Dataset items
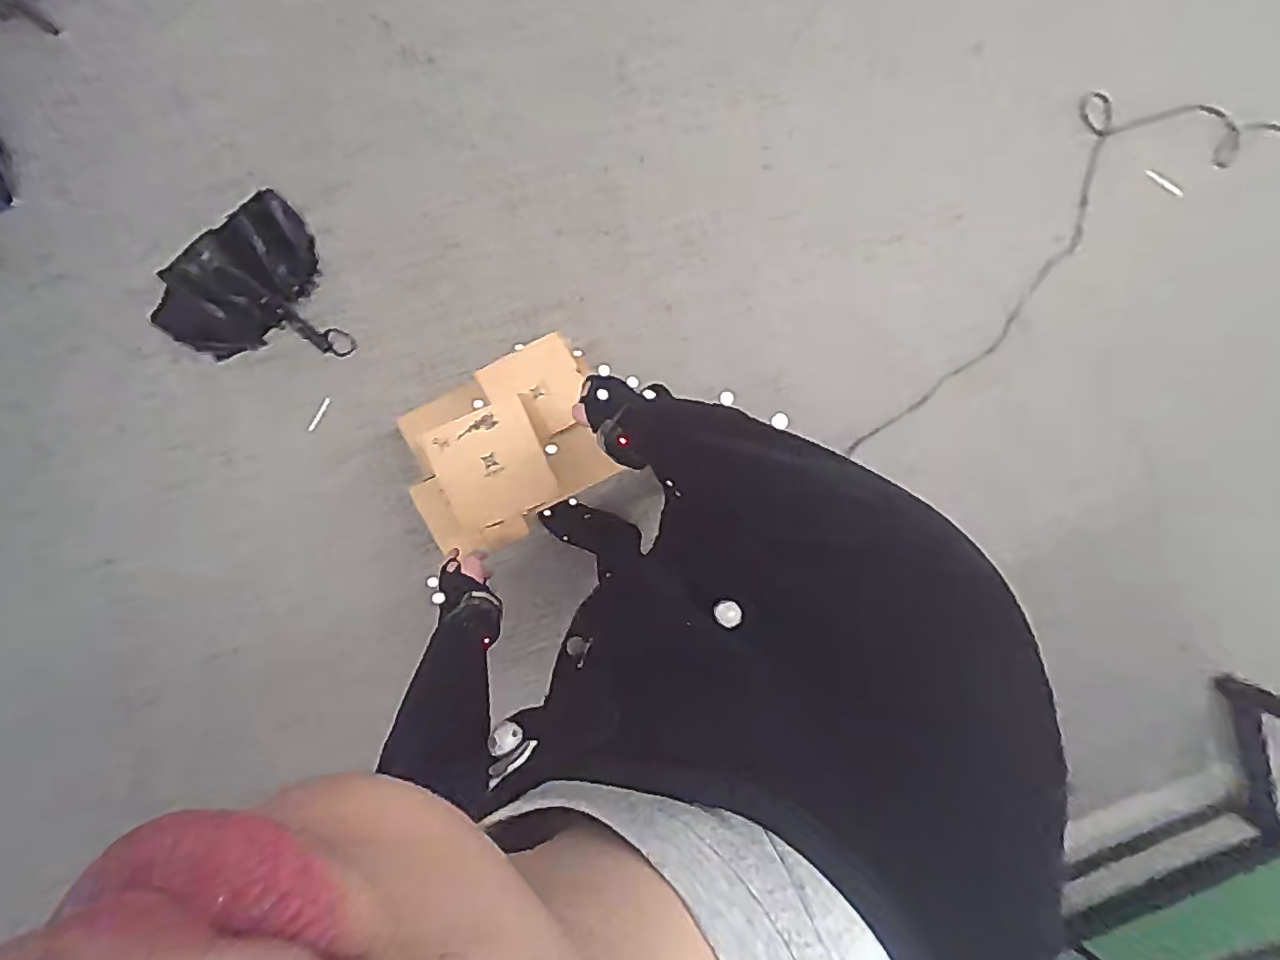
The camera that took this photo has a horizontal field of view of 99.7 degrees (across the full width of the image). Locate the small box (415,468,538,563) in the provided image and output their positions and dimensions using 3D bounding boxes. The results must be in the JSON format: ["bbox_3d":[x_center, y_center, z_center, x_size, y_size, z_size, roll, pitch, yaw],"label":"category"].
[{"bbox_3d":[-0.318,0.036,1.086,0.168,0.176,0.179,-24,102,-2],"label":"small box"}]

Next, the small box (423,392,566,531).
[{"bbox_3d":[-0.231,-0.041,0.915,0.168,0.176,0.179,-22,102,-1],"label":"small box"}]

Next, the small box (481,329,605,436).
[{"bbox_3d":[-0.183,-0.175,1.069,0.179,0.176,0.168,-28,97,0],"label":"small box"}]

==

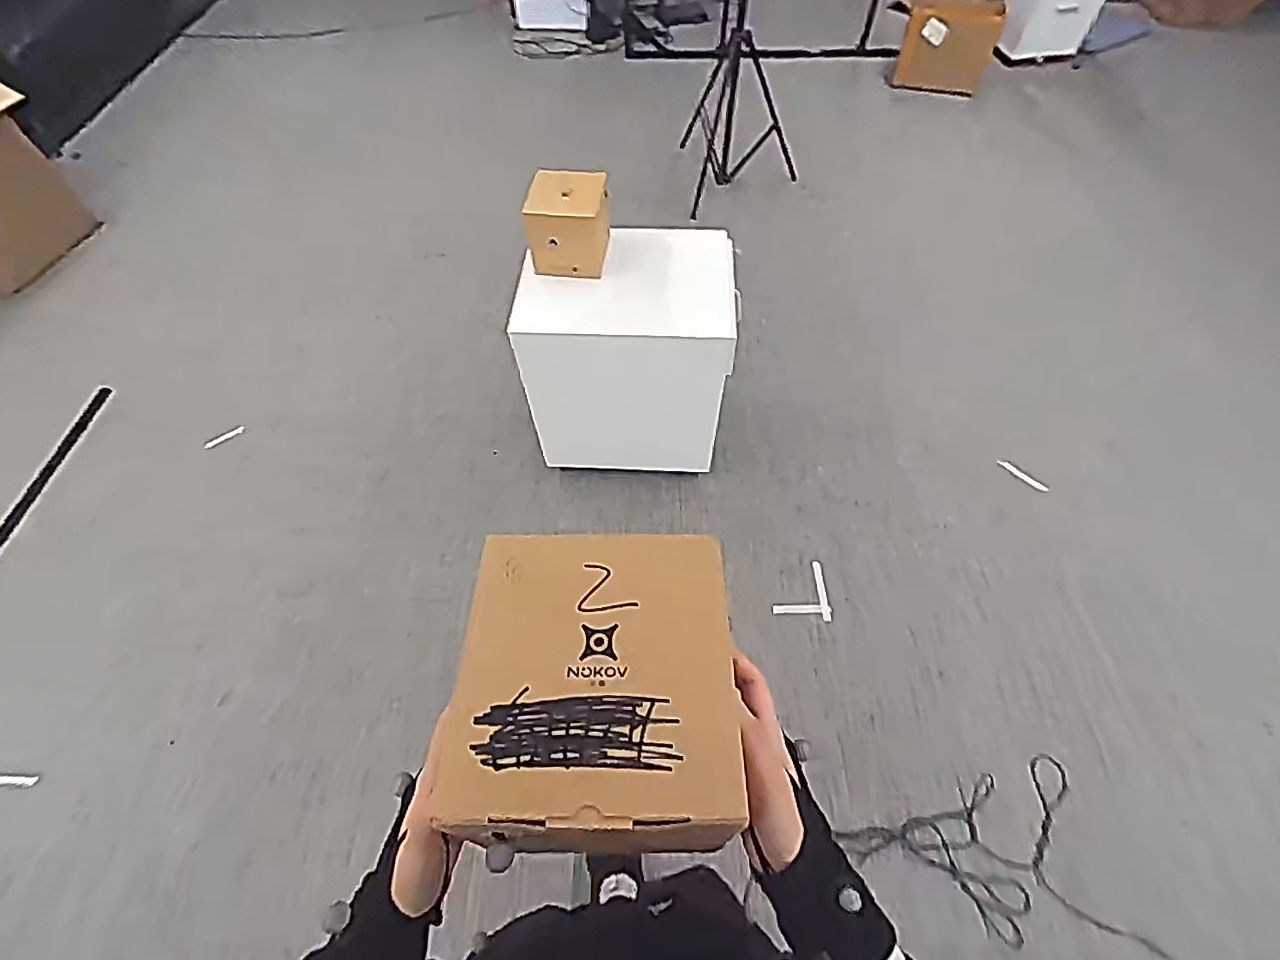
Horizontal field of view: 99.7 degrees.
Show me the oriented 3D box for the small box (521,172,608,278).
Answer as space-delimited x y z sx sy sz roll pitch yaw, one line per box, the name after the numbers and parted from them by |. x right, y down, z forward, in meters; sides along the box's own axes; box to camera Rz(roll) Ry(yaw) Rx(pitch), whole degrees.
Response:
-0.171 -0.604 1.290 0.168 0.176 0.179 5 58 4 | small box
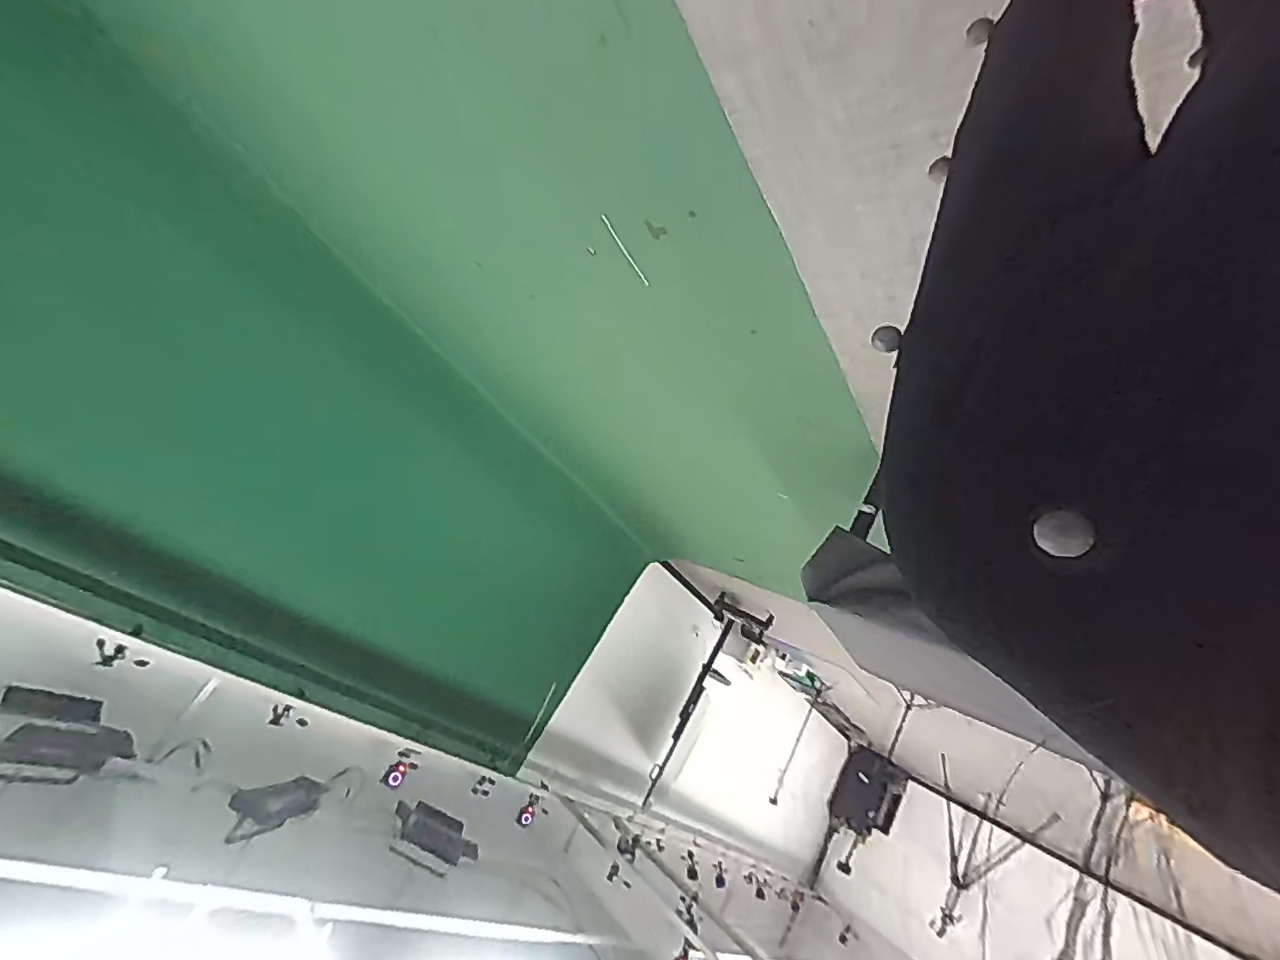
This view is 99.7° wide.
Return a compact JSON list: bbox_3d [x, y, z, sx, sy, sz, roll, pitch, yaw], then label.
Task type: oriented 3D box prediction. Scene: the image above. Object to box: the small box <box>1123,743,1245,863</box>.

YOUR TASK: Copy each line of the data that contains the word "oriented", leaving the other lines out.

TASK OUTPUT:
Show me the oriented 3D box for the small box (521,172,608,278).
Task type: oriented 3D box prediction. Scene: the image above. Object to box: the small box <box>1123,743,1245,863</box>.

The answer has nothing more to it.